Tolentino: approvati i lavori di consolidamento per il Ponte del Diavolo

ponte del diavolo 3' di lettura 24/08/2018 - Al fine di ripristinare la viabilità nelle aree interessate dagli eventi sismici del 2016 l'Anas, in qualità di soggetto attuatore è stata investita della fase di programmazione degli interventi e della fase di attuazione con obbligo di provvedere direttamente all'esecuzione degli interventi di competenza e di quelli di competenza dei gestori locali qualora la capacità operativa di questi ultimi e le esigenze emergenziali non consentano agli stessi di provvedervi autonomamente.

In questo contesto il Comune di Tolentino, in qualità di ente gestore delle strade comunali denominate Ancajano, Baroncia, Corta del Colle, Via del Ponte e Via Nazionale, ha dichiarato di poter attuare direttamente tali interventi a condizione di potersi avvalere delle risorse finanziarie individuate per la gestione emergenziale.

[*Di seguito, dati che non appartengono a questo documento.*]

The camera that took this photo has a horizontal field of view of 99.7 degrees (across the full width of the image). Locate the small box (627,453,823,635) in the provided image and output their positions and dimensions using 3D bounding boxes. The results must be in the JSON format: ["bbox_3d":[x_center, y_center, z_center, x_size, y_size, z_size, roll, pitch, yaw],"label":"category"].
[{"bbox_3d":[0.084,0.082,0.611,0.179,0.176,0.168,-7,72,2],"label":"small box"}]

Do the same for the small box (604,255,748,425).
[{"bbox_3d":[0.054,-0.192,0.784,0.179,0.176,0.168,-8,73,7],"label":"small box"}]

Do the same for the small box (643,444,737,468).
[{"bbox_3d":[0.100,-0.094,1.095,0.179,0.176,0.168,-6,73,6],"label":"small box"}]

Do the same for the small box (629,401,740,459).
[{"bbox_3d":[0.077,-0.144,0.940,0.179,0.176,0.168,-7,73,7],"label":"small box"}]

A tal proposito la Regione Marche ha comunicato all'Anas il parere favorevole alla realizzazione diretta degli interventi da parte degli enti gestori richiedenti, tra i quali il Comune di Tolentino, subordinandolo all'assegnazione delle risorse finanziarie necessarie visto anche che il Dipartimento della Protezione Civile della Presidenza del Consiglio dei Ministri, Struttura di Missione "Sisma Centro Italia" ha confermato il trasferimento delle somme richieste quali fondi stanziati per la gestione emergenziale. Pertanto il Sindaco e la Giunta hanno approvato con apposita delibera il progetto esecutivo dei lavori “S.C. Via del Ponte – Interventi di ripristino di parti d'opera del Ponte del Diavolo” redatto dall'arch. Paolo Cruciani il cui quadro economico ammontante ad un importo complessivo di € 554.813,00.

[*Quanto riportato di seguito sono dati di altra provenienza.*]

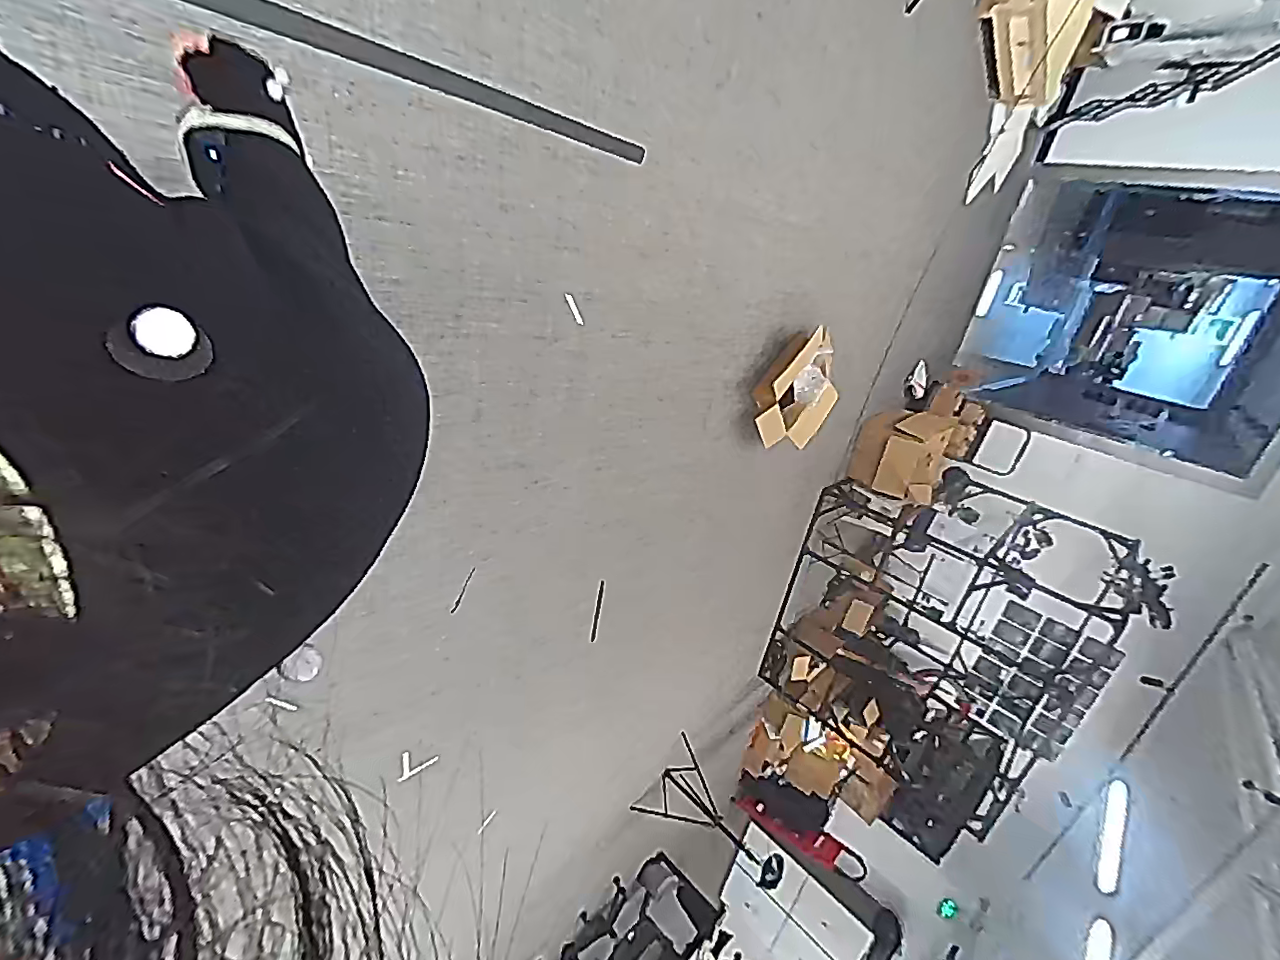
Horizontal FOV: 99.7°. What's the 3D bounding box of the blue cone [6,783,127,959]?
[{"bbox_3d":[-1.308,0.934,1.256,0.193,0.380,0.192,-15,125,-44],"label":"blue cone"}]
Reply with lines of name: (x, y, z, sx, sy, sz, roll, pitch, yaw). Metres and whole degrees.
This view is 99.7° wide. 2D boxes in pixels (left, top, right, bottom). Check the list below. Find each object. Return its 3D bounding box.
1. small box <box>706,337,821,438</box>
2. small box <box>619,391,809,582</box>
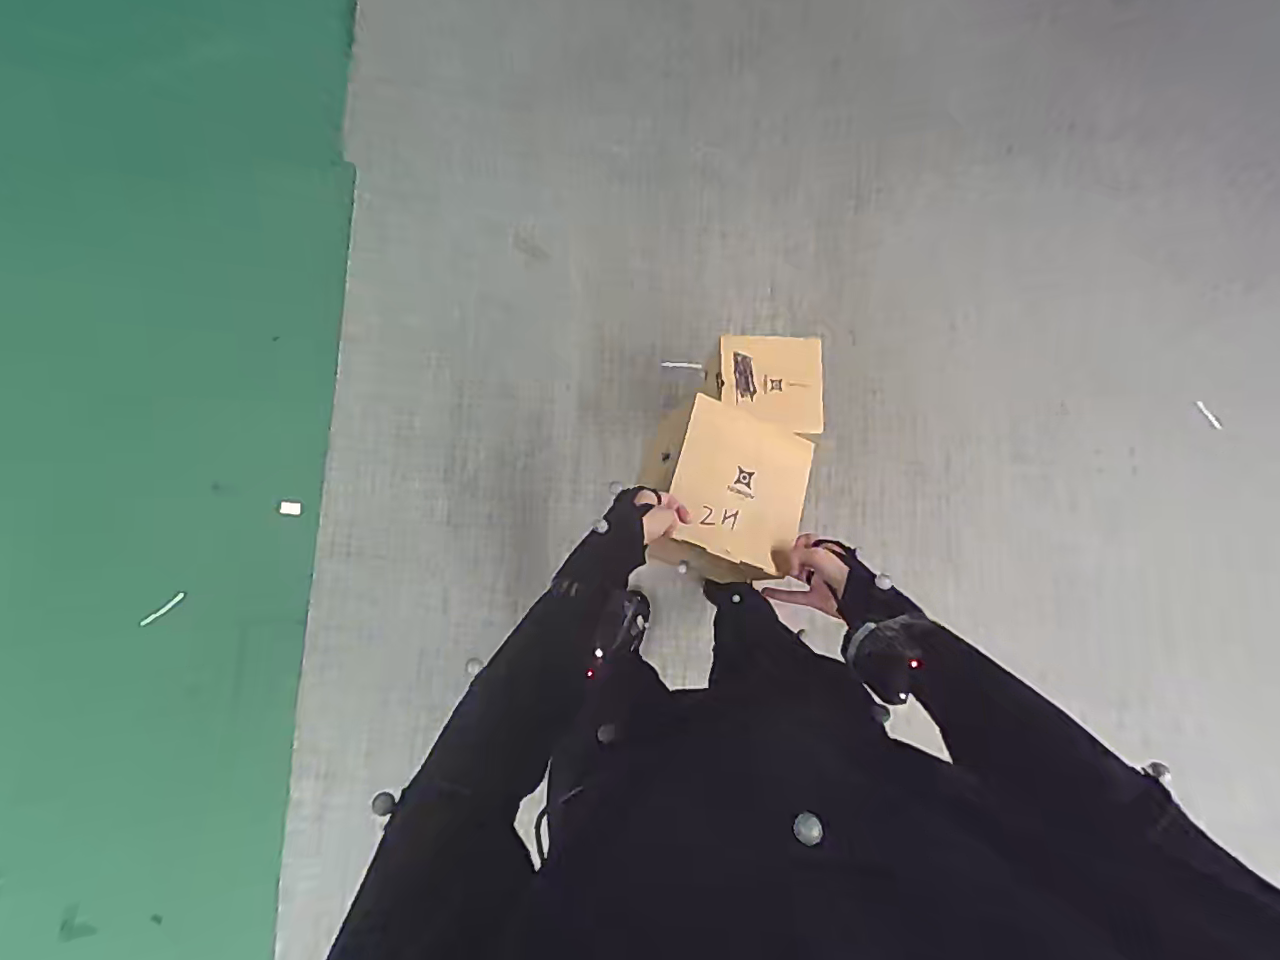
small box: (0.212, -0.147, 0.976, 0.179, 0.176, 0.168, 2, 84, -2)
small box: (0.087, 0.020, 0.691, 0.168, 0.176, 0.179, 21, 71, -13)
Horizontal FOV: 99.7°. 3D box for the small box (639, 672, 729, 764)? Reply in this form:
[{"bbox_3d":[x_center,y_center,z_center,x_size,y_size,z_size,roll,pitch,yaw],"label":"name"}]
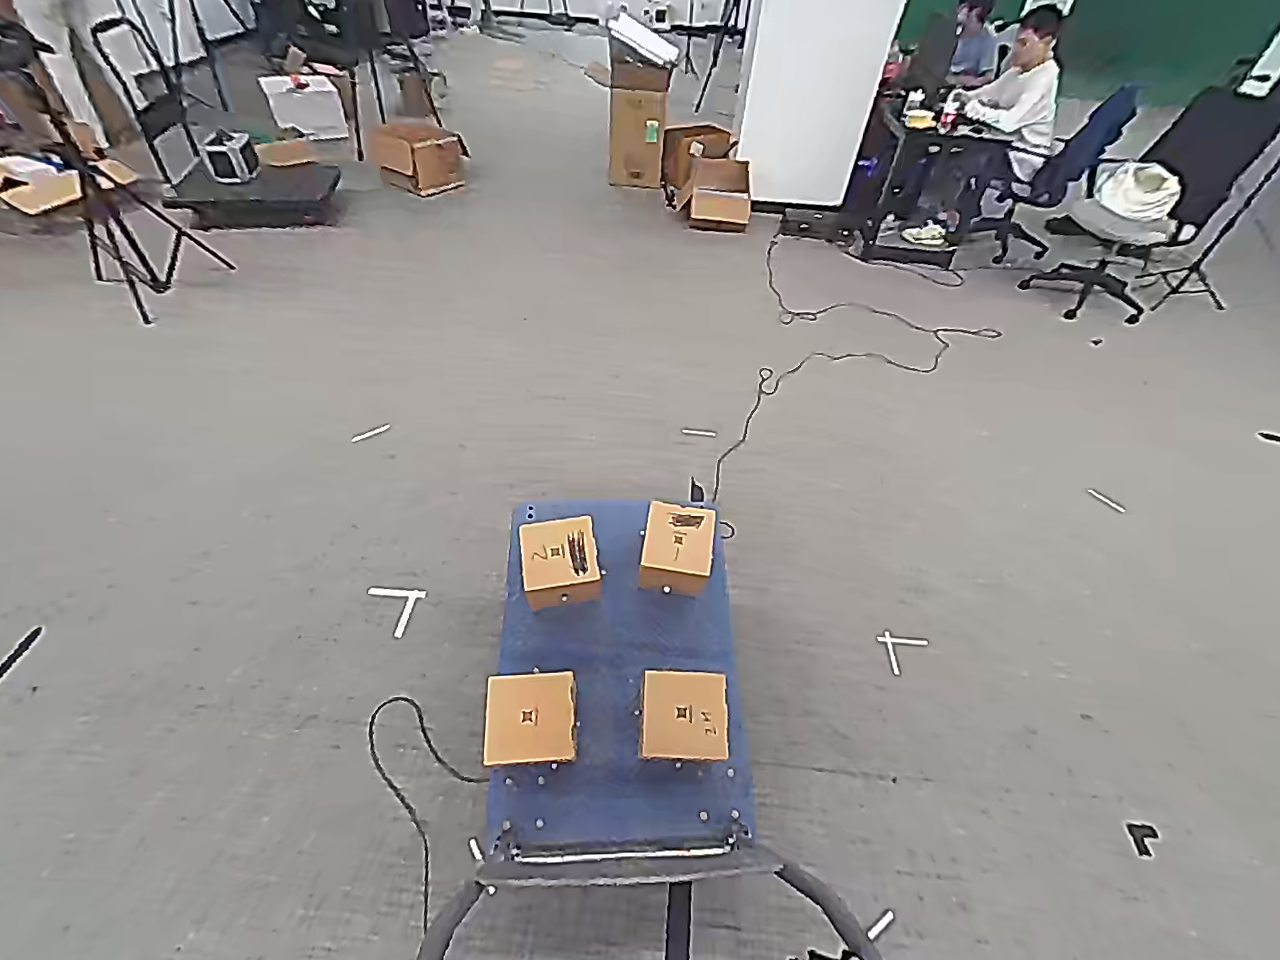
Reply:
[{"bbox_3d":[0.090,0.521,1.176,0.179,0.176,0.168,3,61,-2],"label":"small box"}]

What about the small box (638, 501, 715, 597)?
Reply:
[{"bbox_3d":[0.088,0.178,1.367,0.168,0.176,0.179,9,62,1],"label":"small box"}]

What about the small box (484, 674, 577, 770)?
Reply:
[{"bbox_3d":[-0.227,0.520,1.155,0.179,0.176,0.168,-2,61,-7],"label":"small box"}]

I lavori dovranno tenere conto di alcune indicazioni e pareri rilasciati dalla Regione Marche e dalle soprintendenze per cui non dovranno essere modificate le quote di sfioro della soglia di protezione del ponte e non dovrà essere diminuita la sezione di deflusso delle acque. Le strutture provvisionali atte alla realizzazione delle opere, dovranno essere mantenuti per il tempo strettamente necessario, dovranno essere prontamente rimossi in caso di piena del corso d’acqua e non dovranno creare pregiudizio al regolare deflusso o danneggiamento alle opere idrauliche presenti, Tutti i rifiuti prodotti in fase di demolizioni (in particolare le opere in calcestruzzo), dovranno essere tempestivamente rimossi, al fine di evitare che vengano trasportati lungo il corso d’acqua, L’intervento non dovrà instabilizzare e danneggiare le sponde del corso d’acqua.

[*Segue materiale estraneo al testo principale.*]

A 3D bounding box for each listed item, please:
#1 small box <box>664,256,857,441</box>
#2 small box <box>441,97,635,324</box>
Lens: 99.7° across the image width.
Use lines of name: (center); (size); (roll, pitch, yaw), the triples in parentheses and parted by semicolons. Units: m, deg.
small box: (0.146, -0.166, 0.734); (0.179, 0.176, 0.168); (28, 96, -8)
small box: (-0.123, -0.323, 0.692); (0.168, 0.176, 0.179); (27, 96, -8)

Inoltre la volta in muratura dell’edicola non dovrà essere demolita e successivamente ricostruita ma consolidata in modo da ripristinare da consistenza dell’elemento strutturale, Per quanto riguarda il rivestimento delle parti basamentali delle pile di appoggio si ritiene che tale intervento debba salvaguardare le attuali caratteristiche e dimensioni. Le opere di finitura dovranno essere visionate su apposita campionatura dai tecnici Mibact. Per quanto attiene ai piani pavimentali delle briglie, al fine di un corretto recupero, dovranno essere ricomposti con materiali di recupero, mentre i materiali nuovi dovranno essere preventivamente concordati. Infine, per quanto riguarda il rivestimento delle parti basamentali delle pile di appoggio si ritiene che tale intervento debba salvaguardare le attuali caratteristiche e dimensioni”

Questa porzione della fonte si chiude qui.